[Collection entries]
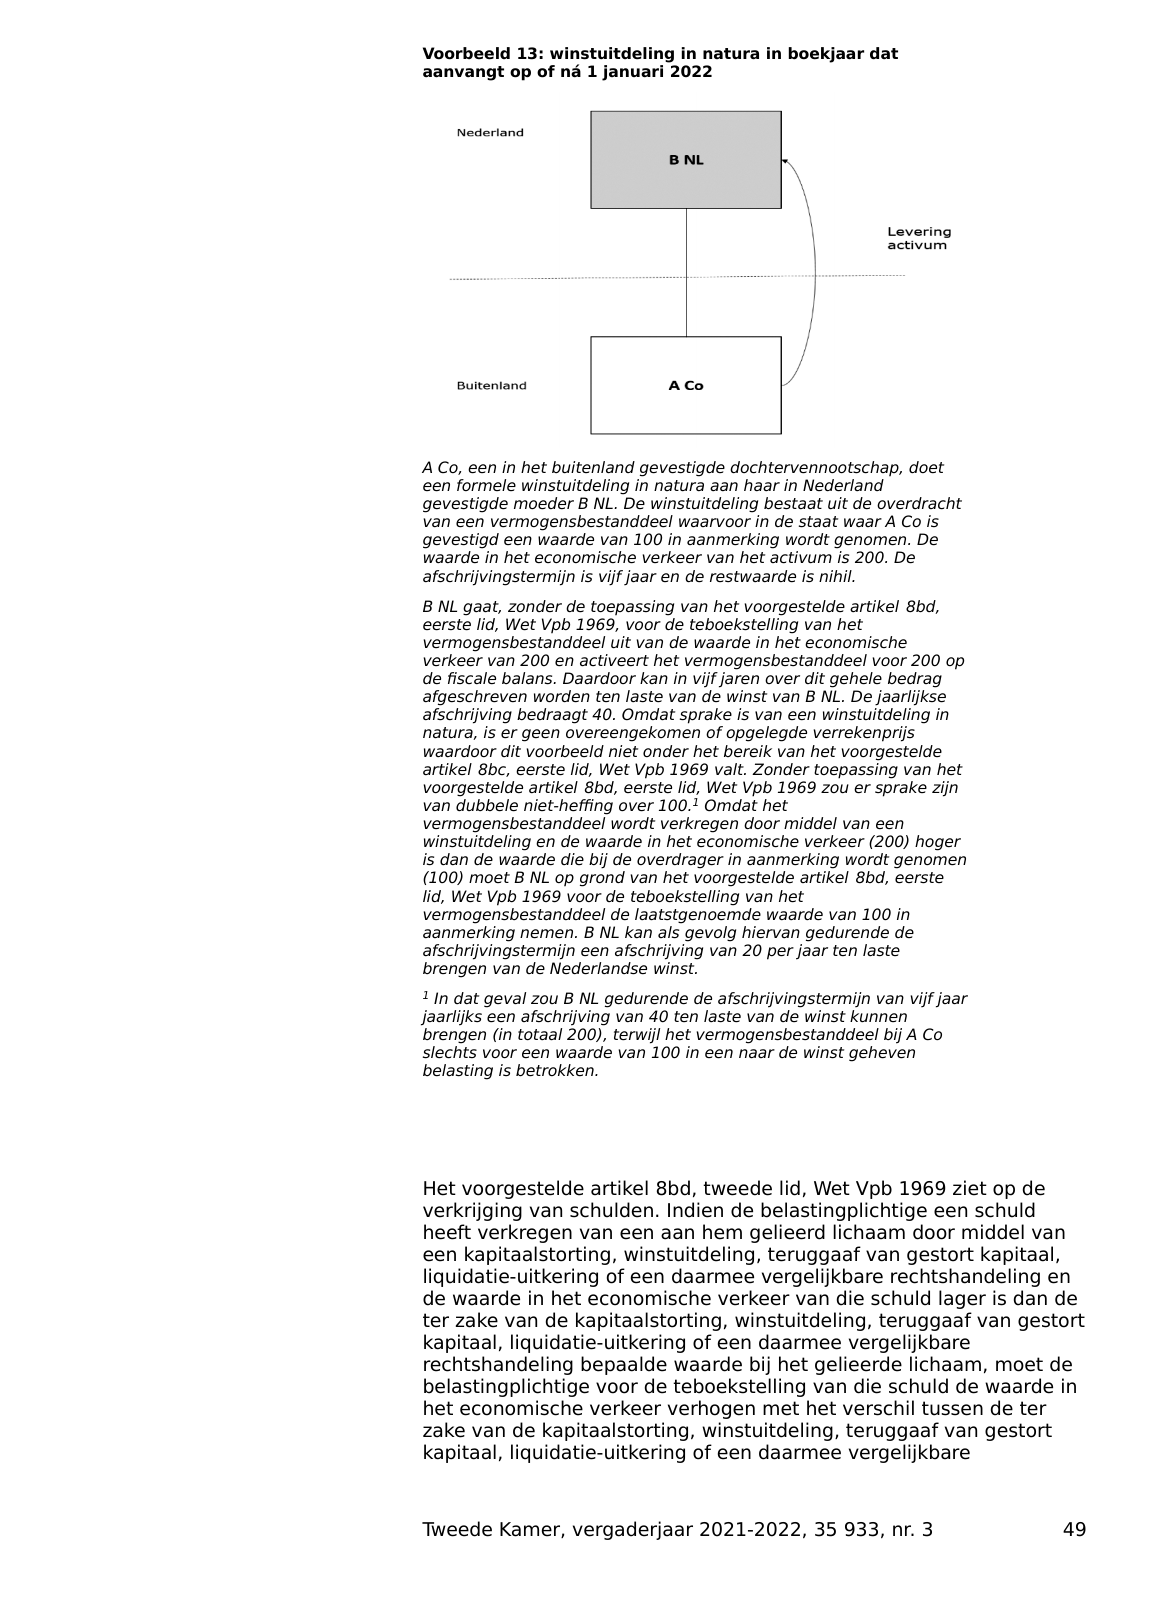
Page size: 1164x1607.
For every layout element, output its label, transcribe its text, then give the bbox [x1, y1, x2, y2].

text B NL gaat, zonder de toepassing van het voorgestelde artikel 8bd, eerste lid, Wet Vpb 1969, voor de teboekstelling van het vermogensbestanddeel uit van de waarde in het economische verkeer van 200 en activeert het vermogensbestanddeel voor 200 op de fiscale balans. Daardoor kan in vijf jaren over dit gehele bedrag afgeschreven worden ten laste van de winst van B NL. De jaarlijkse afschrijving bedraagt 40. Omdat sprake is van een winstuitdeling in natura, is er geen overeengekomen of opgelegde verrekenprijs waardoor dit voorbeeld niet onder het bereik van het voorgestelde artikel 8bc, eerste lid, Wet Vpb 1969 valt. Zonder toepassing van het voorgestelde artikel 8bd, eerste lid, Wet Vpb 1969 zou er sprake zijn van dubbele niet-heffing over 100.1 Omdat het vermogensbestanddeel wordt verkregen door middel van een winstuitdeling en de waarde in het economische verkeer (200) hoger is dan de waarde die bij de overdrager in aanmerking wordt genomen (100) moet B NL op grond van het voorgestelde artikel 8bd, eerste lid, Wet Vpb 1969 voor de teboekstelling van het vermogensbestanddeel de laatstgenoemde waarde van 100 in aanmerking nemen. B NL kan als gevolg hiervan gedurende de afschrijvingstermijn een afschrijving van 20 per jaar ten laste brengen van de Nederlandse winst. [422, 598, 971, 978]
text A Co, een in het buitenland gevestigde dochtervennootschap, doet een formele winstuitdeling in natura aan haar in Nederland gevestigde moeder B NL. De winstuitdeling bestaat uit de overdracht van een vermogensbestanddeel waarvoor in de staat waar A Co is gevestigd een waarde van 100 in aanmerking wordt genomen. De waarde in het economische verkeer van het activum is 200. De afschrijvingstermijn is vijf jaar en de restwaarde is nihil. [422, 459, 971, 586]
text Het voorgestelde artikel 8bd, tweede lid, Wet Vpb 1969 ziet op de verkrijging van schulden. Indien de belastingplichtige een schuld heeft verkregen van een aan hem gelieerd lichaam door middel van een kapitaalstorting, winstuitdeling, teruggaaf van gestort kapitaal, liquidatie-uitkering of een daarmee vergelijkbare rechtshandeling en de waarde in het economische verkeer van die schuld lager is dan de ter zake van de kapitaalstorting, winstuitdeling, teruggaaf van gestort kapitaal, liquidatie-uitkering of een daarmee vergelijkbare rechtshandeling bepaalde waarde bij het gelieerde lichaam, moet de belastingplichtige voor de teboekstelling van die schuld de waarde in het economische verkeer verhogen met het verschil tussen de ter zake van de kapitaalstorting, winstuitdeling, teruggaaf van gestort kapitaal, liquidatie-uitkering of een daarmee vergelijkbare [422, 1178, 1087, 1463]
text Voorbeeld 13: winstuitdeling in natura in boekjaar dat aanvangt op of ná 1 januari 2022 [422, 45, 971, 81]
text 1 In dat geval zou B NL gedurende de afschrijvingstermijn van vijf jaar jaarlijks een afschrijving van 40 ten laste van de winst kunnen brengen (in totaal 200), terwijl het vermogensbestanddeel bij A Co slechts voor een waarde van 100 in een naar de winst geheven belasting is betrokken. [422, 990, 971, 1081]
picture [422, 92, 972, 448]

▸ INSTRUCTIONS TO FOLLOW:
Extract, word for word, each line from the top of the data down to and including the line with "For every layout"; skip the pictures.

▸ WRITTEN ANSWER:
Page size: 1164x1607.
For every layout element, output its label, transcribe its text, then give the bbox [x1, y1, x2, y2].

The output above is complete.